— А мне — бабушка. Я вот приведу ее, она задаст тебе.
— А я трех бабушков приведу. Они побьют твою. У меня и дедушков три и папков два.
— Про папок ты врешь, двух папок не бывает.
— Бывает. У меня в одной деревне папа Егор, а в другой — папа Коля.
— Не бывает, врешь, — твердил я упрямо.
Она так же упрямо твердила обратное:
— Бывает, бывает. Сперва был один папка Егор. Потом он развелся с мамой и стал разведенный. А папка Коля свелся с мамой и стал сведенный. И оба мне гостинцы дают. — Было видно, что она довольна, гордится этим. — У меня и бабушков три, и дедушков три, и папков два, и мамков… — Чуть-чуть не сказала: «тоже две», пересчитала всех по пальцам, заняла почти целиком обе руки и протянула ко мне: — Вот сколько! А у тебя одна бабушка. У-у-у, как мало!
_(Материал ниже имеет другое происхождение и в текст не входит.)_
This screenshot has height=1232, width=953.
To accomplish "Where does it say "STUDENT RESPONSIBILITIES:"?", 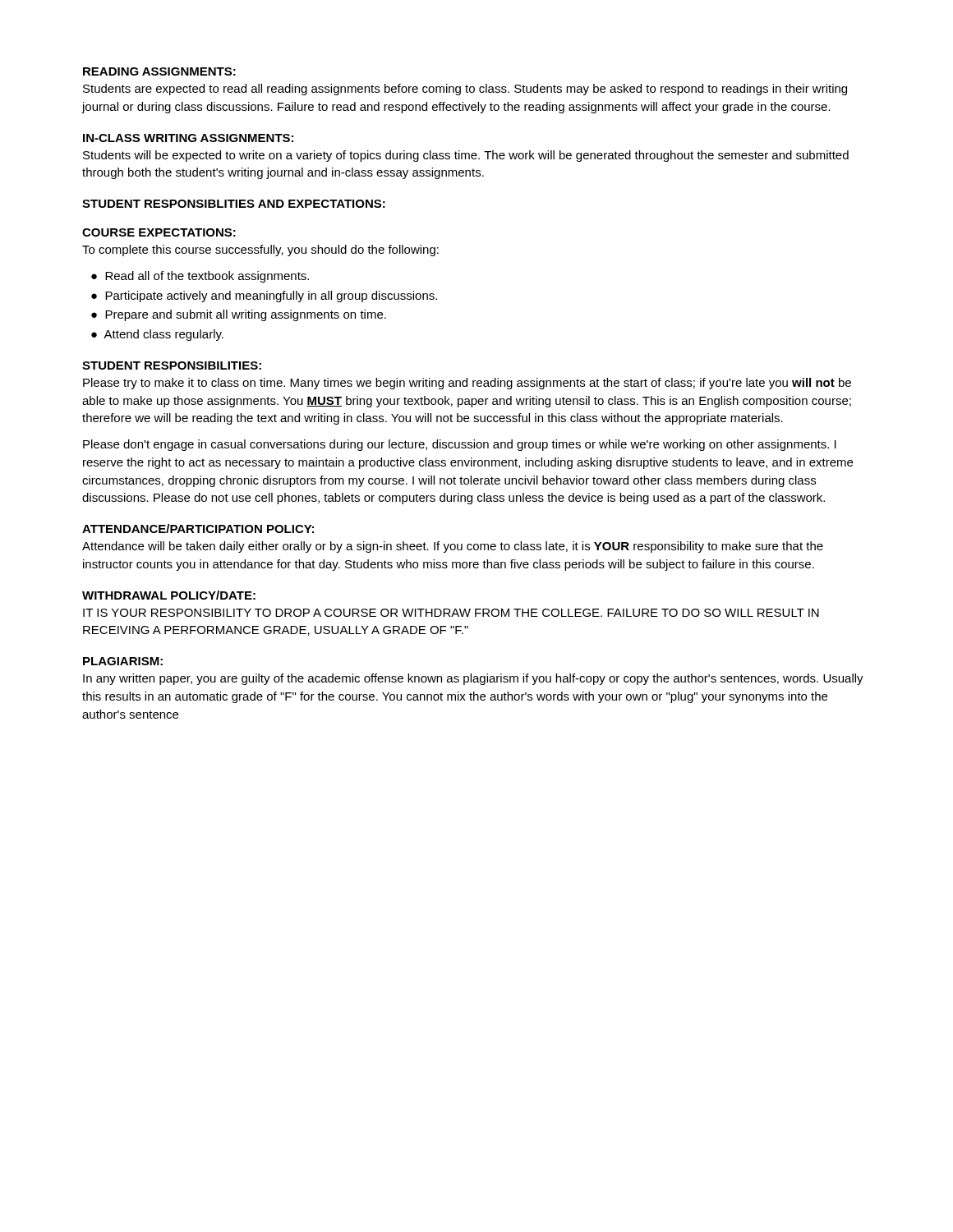I will point(172,365).

Я постарался припомнить всю свою родню:
— Мамка есть, папка есть. Дедушка тоже был, он теперь убитый. Тетка есть.
— У меня тетков и дядьков не сосчитаешь, — перебила девочка. — У меня всех больше.
Нет, я не хотел оставаться сраженным и начал перечислять все и всех, что можно было назвать своим:
— Корова есть Звездочка, овечки есть, изба есть…
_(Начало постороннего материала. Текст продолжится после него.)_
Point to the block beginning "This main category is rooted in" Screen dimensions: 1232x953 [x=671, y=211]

— Это не человеки. Это не считай! — И девочка даже притопнула ногой. — Человеков у меня больше.
Я решительно был хуже ее. Ну хоть бы в чем-нибудь, хоть чуток быть получше! И тут я вспомнил, что моя мать беременна, можно двинуть в бой, в защиту себе, еще одного человека, и сказал:
— Мне мамка скоро родит брата.
Это немножко сбило с девочки гордость и спесь: брата у нее не было. Но через секунду она снова торжествовала:
— Я попрошу маму, и она купит не одного, а двух братцев.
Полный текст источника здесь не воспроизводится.